Originally posted by: Baloo
Flash drives have been available, and shipping in some laptop models, for over a year now. But they ain't faster then hard disk drives. In fact, they are quite a bit slower. Access times are faster, but read and write speeds are much slower, about half what a typical hard drive can do on the outside tracks. Maybe in another year or so they will have improved the technology enough to exceed HDD read/write speeds.


Oh, and the hardware forum is that way -->
Depends on the drive. Many have pretty lackluster performance, probably on par with mechanical HDDs (slightly worse for some applications and slightly better for others, so it all evens out). But the MTrons, for example, offer 120/90MBps and 100/80MBps sustained read/write on their drives. Even the fastest mechanical HDDs available (such as Samsung's F1 series with monster 333GB platters) can't sustain reads above about 95MBps. On top of that the access time is orders of magnitude lower than traditional HDDs. And they're only going to get faster and cheaper as time goes on. I'm confident that within a few years we'll see affordable flash drives that are able to nearly saturate an SATAII bus (300MBps). Soon enough I think SSD will be the obvious choice for OS/application drives, and then for those who require more space traditional HDDs can be used for multimedia and other data that doesn't benefit much/any from lower access times and higher throughput.
 

redly

Golden Member
Nov 15, 2004
1,159
0
0
haha...I am going through the process of getting SSD quotes.
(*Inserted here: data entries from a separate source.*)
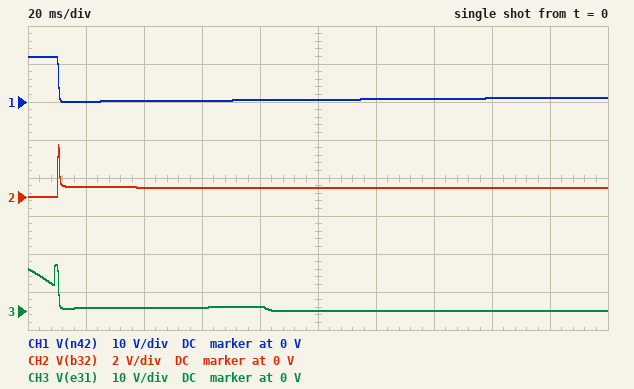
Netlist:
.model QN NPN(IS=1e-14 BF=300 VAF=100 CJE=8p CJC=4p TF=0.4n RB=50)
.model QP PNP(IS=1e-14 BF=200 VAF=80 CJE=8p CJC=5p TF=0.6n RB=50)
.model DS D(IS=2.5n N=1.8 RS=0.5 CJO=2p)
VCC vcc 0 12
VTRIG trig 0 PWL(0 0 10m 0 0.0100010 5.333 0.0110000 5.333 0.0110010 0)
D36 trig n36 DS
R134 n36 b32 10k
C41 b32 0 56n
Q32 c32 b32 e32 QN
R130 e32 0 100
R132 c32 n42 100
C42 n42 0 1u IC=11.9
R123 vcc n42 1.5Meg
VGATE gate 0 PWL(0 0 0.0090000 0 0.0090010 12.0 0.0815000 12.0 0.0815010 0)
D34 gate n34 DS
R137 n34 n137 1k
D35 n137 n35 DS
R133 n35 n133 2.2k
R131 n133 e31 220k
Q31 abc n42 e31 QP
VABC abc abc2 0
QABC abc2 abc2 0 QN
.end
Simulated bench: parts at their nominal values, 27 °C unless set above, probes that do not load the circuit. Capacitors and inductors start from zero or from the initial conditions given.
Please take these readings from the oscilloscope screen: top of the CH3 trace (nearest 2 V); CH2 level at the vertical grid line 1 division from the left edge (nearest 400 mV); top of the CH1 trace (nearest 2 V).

Here is an example of what I am seeing

2.5in or 3.5in, SATA 60MB/sec read - 45MB/sec write, standard temp grade
16GB - $420
32GB - $710
64GB - $1680
128GB - $3250
256GB - $6840

 

Throckmorton

Lifer
Aug 23, 2007
16,829
3
0
Originally posted by: invidia
Originally posted by: randay
Originally posted by: Throckmorton
I want BIG solid state drives to make their way to computers and mp3 players. A hard drive is a bad thing, because you KNOW for a fact that eventually it will fail.

EVERYTHING eventually fails. SSD is not an exception.

We are no where near the point where scientists, engineers, and physicists can design a fail-safe, eternal hard drive.

Won't a flash hard drive last much longer or is the read/write limit a problem?
 

Xavier434

Lifer
Oct 14, 2002
10,373
1
0
In any case, this is probably the way of the future. It just needs 2-3 more years before I get involved with it for various reasons. Many of which have already been discussed in this thread.
 

LordSnailz

Diamond Member
Nov 2, 1999
4,821
0
0
Originally posted by: randay
Originally posted by: Chadder007
Originally posted by: randay
Consumer SSD is unreliable and slow. The performance advantage of SSD is access times, power consumption, and shock resistance. throughput is ass, which is really the only spec most of us will care about.

Industrial SSD is much better, but youre talking thousands of dollars for mediocre amounts of storage.

How is Consumer SSD unreliable then? I just know that its a tad slow with select drives.

build quality\maturity. I figure its because its these taiwanese memory companies trying to break into the consumer SSD market, the tech is just too new. I would wait a few more generations before even considering SSD for any of my personal computers/laptops.

What do you mean by quality, this are solid state drives, it's not like mag. drives where there's a higher chance of failure with movement, hence the excitement with solid state drives.

Maturity will give you larger drives and faster throughput time ... not sure I understand how you can say they're more unreliable just cause they're new.